What you need to know
The body needs time and care to break old habits and patterns, overcome trauma, learn new movements to recover. Changes in all of the above areas require patience.
Your environment is incorporated into the therapy whenever possible.
Craniofacial therapy is beneficial in all cases where children cannot give up their pacifiers, thumbs or other bad habits that interfere with the growth of the jaw and the correct position of the teeth (milk or permanent) and tongue.
It is also indicated when speech problems occur alongside or at the beginning of speech therapy treatment. The therapist’s view is comprehensive and a child cannot make progress in speech if his body is not properly aligned and his posture is not tightened. The craniofacial therapist works on posture and musculature and may collaborate with a speech therapist.

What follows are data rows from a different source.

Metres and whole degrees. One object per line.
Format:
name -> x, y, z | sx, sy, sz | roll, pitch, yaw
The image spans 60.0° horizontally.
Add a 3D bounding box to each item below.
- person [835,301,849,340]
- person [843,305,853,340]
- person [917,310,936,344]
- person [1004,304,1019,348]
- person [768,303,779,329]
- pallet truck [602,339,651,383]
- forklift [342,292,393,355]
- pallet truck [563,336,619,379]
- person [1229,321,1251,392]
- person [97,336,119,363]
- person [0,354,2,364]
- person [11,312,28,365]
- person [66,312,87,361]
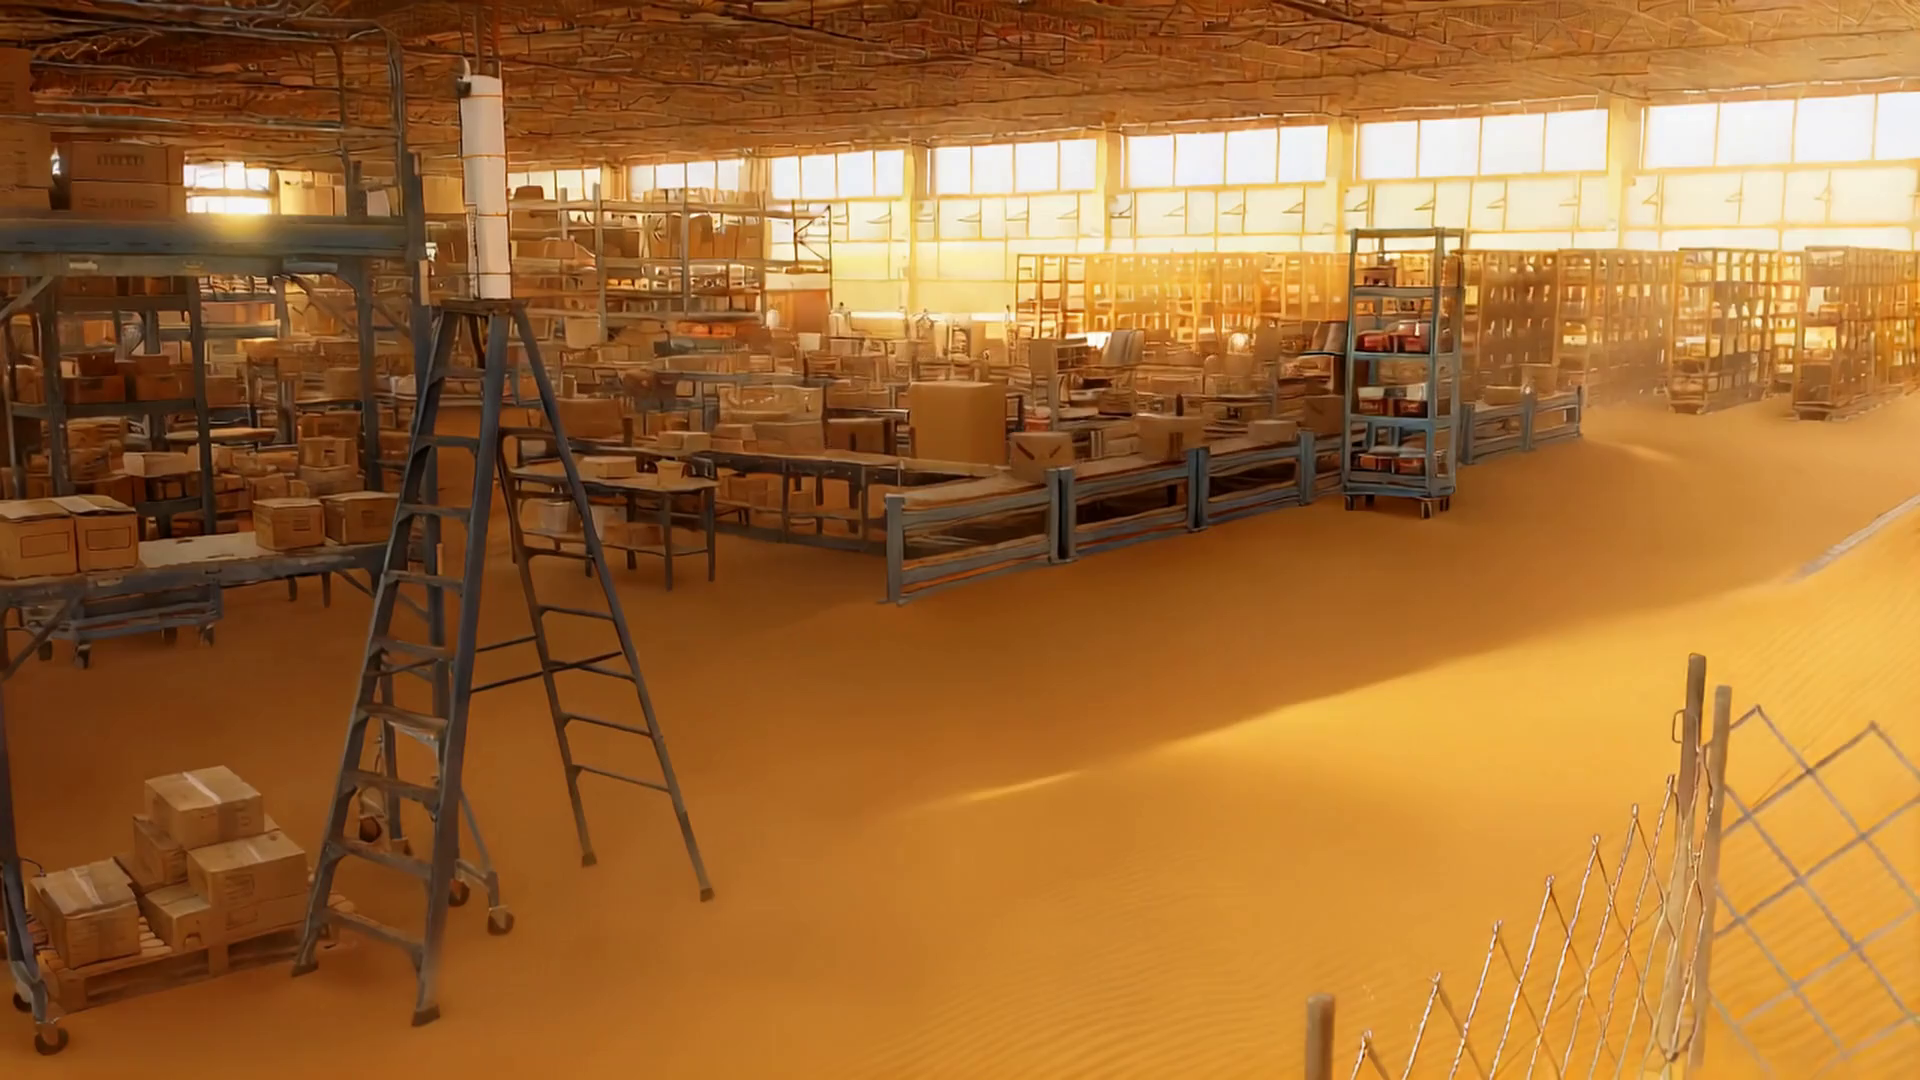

Writing, reading and concentration problems can also be due to poor posture and lack of tone or eye convergence.
The therapist also works on the swallowing pattern, which needs to transition from the infantile swallowing pattern to the adult pattern. If infantile swallowing persists, the entire digestive system may be disrupted. The mouth is the first stage of digestion. Chewing and swallowing – actions that seem insignificant when they are functioning – are important to our health.
Craniofacial therapy is also an aid in rehabilitation in the maxillofacial area.
The child and his environment are involved in the therapy. No results without cooperation!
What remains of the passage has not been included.